Wherever the string "Outreach" appears in a line of the listing below, report that line.

======== THE RECORDS

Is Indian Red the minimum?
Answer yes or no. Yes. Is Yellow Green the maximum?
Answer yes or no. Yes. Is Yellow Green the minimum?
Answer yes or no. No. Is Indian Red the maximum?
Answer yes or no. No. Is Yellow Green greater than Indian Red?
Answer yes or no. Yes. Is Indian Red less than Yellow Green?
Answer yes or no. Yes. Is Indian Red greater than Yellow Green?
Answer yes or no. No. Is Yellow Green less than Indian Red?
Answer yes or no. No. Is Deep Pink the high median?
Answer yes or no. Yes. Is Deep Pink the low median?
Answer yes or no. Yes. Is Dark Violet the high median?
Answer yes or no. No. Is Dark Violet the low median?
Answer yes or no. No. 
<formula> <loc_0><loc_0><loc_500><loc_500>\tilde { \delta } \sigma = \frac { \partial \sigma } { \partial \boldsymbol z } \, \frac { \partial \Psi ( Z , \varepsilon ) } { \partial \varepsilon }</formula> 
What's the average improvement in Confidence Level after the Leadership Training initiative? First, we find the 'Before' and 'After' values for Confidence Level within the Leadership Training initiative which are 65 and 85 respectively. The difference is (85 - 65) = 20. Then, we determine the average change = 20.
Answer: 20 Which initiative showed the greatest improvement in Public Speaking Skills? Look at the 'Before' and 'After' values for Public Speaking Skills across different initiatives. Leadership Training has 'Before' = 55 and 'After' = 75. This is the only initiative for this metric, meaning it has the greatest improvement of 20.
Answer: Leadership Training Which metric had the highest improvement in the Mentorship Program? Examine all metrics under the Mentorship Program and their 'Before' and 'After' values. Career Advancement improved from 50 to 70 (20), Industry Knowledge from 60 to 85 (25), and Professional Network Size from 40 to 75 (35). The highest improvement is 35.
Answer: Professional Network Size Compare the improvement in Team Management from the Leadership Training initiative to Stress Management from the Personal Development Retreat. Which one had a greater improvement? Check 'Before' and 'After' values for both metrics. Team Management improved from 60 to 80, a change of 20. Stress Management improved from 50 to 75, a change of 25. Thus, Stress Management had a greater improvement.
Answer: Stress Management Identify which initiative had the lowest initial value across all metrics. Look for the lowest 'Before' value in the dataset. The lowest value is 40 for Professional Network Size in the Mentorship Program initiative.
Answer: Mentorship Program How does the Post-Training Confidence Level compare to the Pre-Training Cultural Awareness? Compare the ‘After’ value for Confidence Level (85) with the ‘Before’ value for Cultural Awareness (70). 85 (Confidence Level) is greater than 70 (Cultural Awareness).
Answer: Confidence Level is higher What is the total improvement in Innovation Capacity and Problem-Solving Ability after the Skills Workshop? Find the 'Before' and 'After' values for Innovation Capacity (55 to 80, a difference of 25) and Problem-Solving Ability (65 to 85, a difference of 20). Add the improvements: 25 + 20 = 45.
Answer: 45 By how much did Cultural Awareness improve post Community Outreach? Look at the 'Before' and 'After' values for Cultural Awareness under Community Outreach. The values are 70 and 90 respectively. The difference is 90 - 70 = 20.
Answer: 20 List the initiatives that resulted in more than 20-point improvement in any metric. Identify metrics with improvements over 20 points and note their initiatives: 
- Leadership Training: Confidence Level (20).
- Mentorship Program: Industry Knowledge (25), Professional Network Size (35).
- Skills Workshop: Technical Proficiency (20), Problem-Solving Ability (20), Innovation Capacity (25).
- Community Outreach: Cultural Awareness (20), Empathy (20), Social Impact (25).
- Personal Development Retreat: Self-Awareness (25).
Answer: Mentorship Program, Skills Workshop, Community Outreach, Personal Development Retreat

================
======== THE RECORDS

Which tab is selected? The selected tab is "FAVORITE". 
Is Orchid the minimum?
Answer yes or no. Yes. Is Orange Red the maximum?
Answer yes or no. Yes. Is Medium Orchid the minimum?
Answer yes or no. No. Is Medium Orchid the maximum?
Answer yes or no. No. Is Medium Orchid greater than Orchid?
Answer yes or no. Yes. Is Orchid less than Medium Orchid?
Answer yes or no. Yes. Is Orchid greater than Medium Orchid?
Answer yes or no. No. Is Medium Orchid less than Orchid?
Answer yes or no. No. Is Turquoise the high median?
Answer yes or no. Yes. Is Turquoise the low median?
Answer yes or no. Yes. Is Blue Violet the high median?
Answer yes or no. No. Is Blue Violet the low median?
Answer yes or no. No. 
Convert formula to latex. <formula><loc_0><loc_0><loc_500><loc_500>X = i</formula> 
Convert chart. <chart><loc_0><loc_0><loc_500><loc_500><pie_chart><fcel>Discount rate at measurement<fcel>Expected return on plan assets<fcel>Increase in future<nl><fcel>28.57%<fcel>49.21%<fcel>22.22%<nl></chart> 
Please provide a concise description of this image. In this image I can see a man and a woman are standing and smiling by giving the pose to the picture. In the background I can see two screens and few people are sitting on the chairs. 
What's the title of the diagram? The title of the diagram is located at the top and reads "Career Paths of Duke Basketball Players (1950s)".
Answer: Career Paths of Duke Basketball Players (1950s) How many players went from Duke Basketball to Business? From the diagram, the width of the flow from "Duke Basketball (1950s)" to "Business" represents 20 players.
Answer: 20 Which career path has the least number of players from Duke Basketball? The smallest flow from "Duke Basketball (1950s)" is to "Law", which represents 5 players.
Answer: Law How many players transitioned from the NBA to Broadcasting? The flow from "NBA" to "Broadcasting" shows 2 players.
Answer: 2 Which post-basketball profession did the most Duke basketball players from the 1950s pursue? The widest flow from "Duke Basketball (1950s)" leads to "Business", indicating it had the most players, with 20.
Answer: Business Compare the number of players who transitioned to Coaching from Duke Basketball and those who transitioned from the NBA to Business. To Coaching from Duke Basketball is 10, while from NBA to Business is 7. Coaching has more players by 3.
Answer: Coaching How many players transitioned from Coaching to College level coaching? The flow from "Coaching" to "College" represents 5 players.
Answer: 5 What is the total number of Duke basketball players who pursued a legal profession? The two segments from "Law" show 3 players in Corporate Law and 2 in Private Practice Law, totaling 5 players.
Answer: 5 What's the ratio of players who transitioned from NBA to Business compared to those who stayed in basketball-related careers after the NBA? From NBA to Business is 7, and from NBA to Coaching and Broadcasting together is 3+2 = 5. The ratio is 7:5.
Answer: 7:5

================
======== THE RECORDS

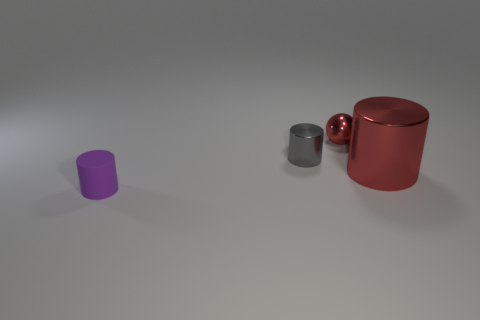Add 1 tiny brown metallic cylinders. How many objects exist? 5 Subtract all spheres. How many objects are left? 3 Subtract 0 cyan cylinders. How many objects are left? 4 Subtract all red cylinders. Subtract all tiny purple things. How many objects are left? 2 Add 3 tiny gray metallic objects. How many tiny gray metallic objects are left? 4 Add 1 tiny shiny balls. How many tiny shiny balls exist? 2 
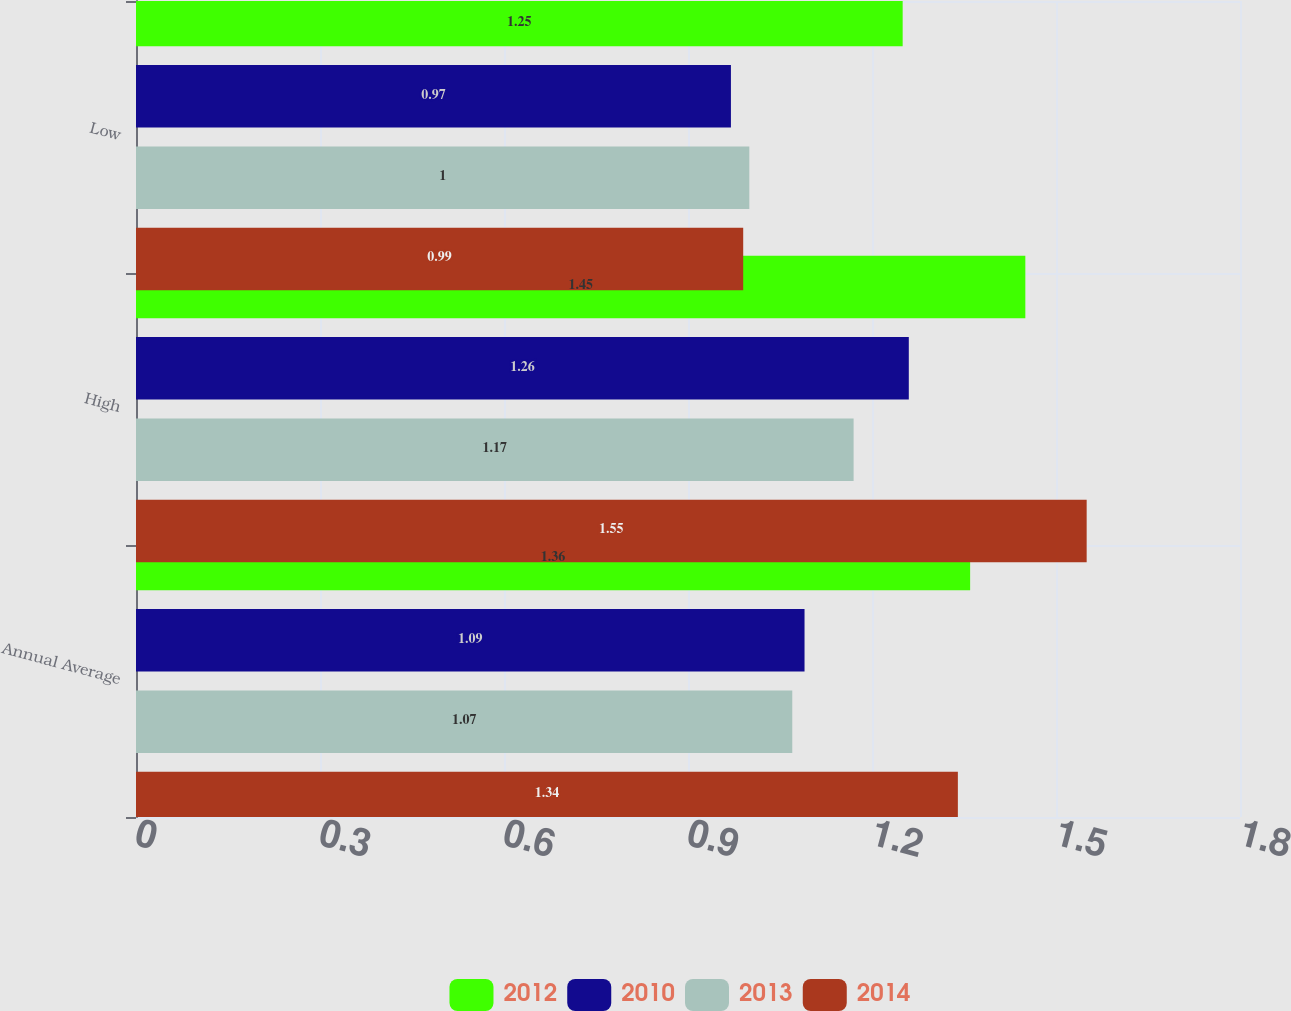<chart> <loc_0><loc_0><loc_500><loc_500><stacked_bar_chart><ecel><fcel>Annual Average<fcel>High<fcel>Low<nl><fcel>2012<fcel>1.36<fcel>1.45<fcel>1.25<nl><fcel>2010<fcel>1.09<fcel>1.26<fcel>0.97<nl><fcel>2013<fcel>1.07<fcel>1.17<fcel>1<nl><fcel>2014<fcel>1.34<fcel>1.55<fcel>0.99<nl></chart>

================

> **EXPECTED OUTPUT**
Answer: 45 By how much did Cultural Awareness improve post Community Outreach? Look at the 'Before' and 'After' values for Cultural Awareness under Community Outreach. The values are 70 and 90 respectively. The difference is 90 - 70 = 20.
- Community Outreach: Cultural Awareness (20), Empathy (20), Social Impact (25).
Answer: Mentorship Program, Skills Workshop, Community Outreach, Personal Development Retreat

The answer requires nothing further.